Later, wandering the show floor, I saw Tropical Waluigi playing Fortnite on a huge screen. Fans gathered all around his chair and cheered when he headshotted the last opponent.

He worked his way through the crowd, mumbling thank you and halfway smiling for selfies with teenage fans. Except one fan looked older than the others, a tall old man with a suit and hat who pushed through the crowd and took Tropical Waluigi’s hand, as if to shake it.

Tropical Waluigi hit the ground before he started screaming. The crowd scattered for a moment and that’s when I saw him there, rolling around, yelling about his hand. His fingers were jumbled up like snapped twigs. Every knuckle was broken.

The crowd reached a critical mass and started to close in on Tropical Waluigi again with their phones out. Folks abandoned the demo lines to rubberneck on that sweetest of sights, a gaming celebrity’s misfortune. Before the crowd sealed up I caught one last look at my new friend. His mouth hung open while he poked his mangled hand at an EMT. He gaped at the camera lenses. You could almost hear the tweets swarming out of the convention hall.

Everyone was so distracted that they didn’t even notice the assailant lingering at the exit, looking out into the evening with his hands in his pockets, like he had nowhere to be. The old man glanced at me over his shoulder.

I liked you, man, I said.

The man pulled off his hat but didn’t turn around. A shiny pink scar ran the length of his skull. He strolled out the door into the heat.

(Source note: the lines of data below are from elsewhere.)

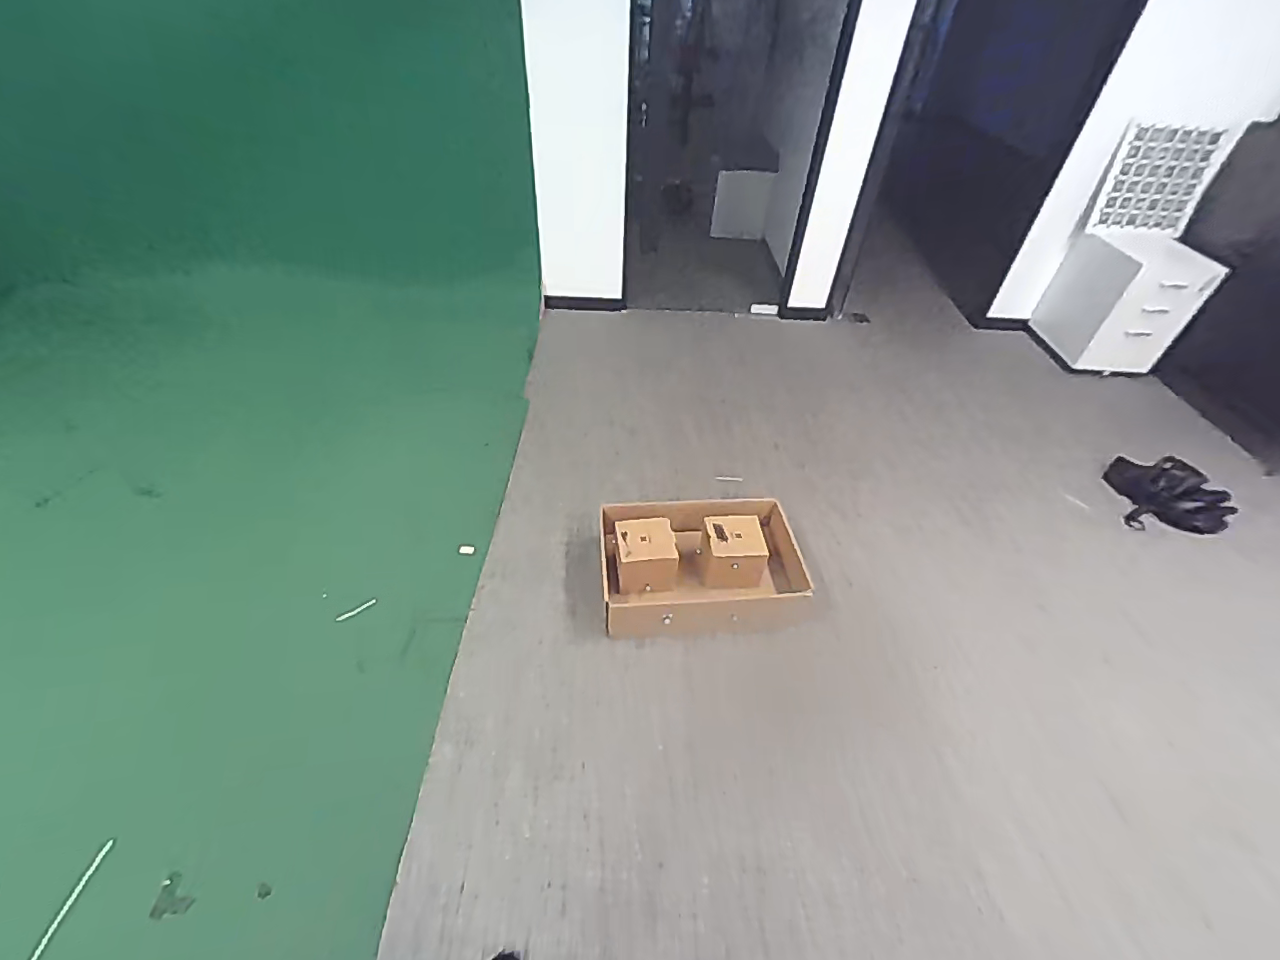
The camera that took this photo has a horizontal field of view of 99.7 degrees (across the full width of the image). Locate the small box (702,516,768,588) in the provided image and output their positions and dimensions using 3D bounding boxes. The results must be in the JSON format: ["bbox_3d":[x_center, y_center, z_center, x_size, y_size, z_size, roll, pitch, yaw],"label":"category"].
[{"bbox_3d":[0.296,0.234,1.738,0.179,0.176,0.168,-1,43,-4],"label":"small box"}]

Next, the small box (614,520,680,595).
[{"bbox_3d":[0.017,0.245,1.708,0.179,0.176,0.168,-3,43,-9],"label":"small box"}]
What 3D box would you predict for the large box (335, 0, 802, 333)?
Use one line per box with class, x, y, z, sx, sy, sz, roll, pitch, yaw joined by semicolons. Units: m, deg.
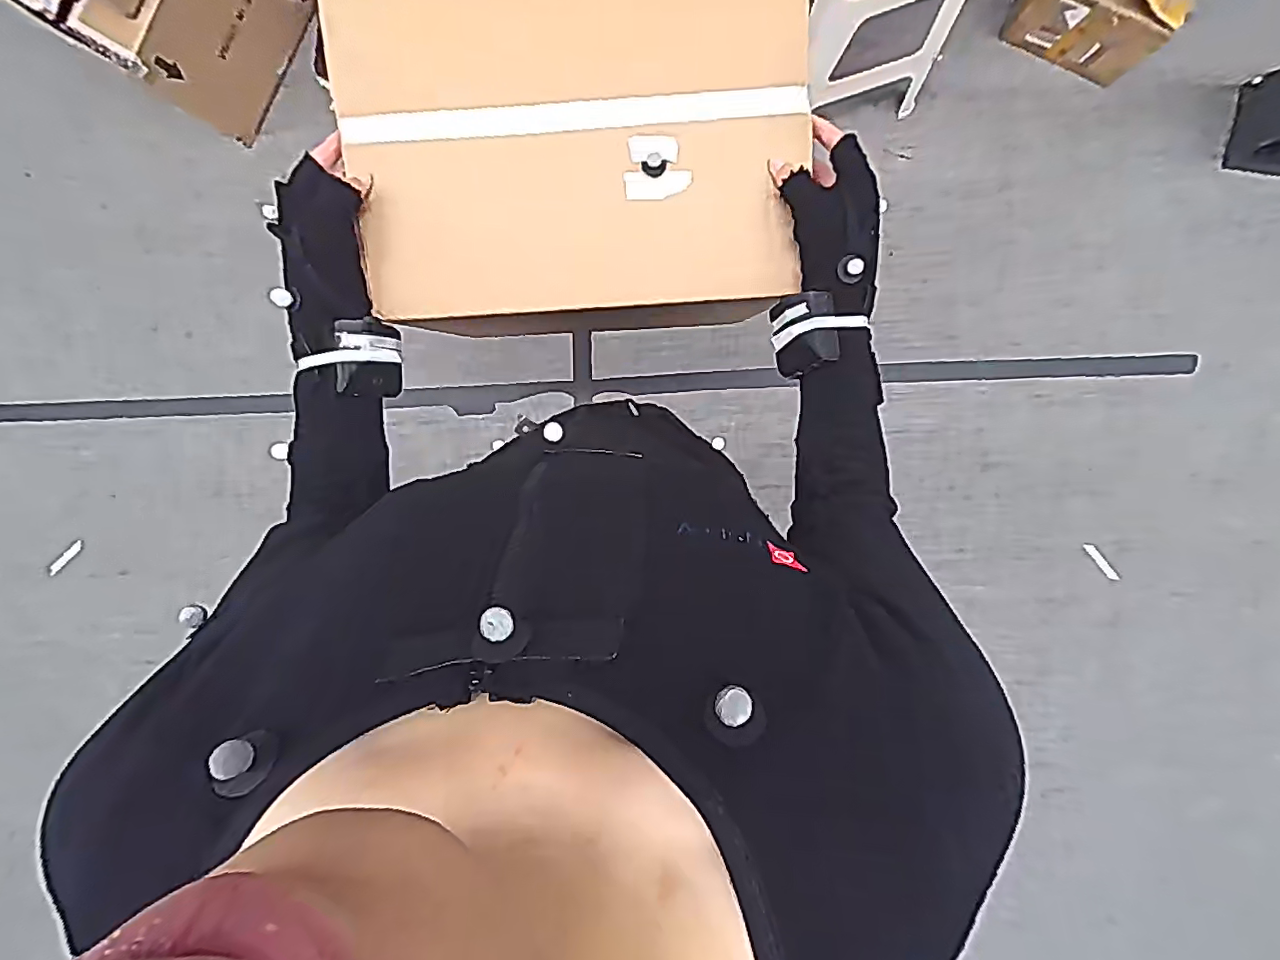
large box;-0.060;-0.352;0.625;0.408;0.320;0.320;-3;102;0
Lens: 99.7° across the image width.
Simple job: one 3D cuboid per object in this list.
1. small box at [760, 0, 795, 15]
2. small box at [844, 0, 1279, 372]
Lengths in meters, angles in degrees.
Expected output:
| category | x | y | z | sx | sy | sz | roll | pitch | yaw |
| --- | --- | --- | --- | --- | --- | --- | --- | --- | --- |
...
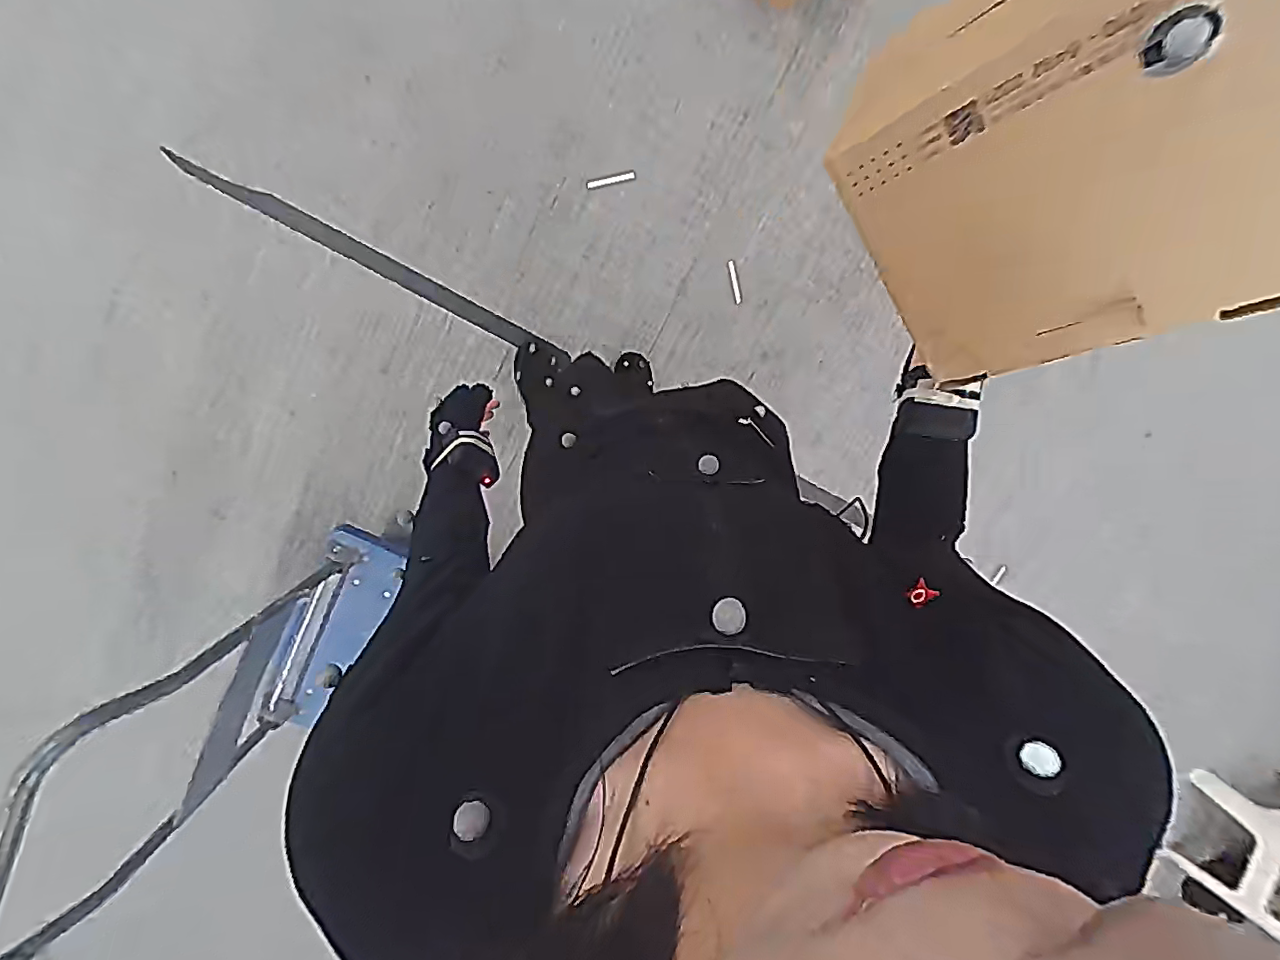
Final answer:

Have a blessed day, he said.

And that was how, while everybody else was busy live streaming the worst moment of Tropical Waluigi’s life, I let the man who did it go free. You might think I’m a bad person for minding my own business. You’re probably right. Good people don’t mind their own business.

But it’s not my job to be a good person. I am a games journalist.

The booth lines had all pretty much emptied from the commotion. Finally, after three days in Hell, a writer stumbles on a stroke of good luck. I hurried from booth to booth for the final hour of E3, touching every piece of new hardware, watching every exclusive preview, playing every demo. They were all fine, I guess. Video games aren’t really my thing.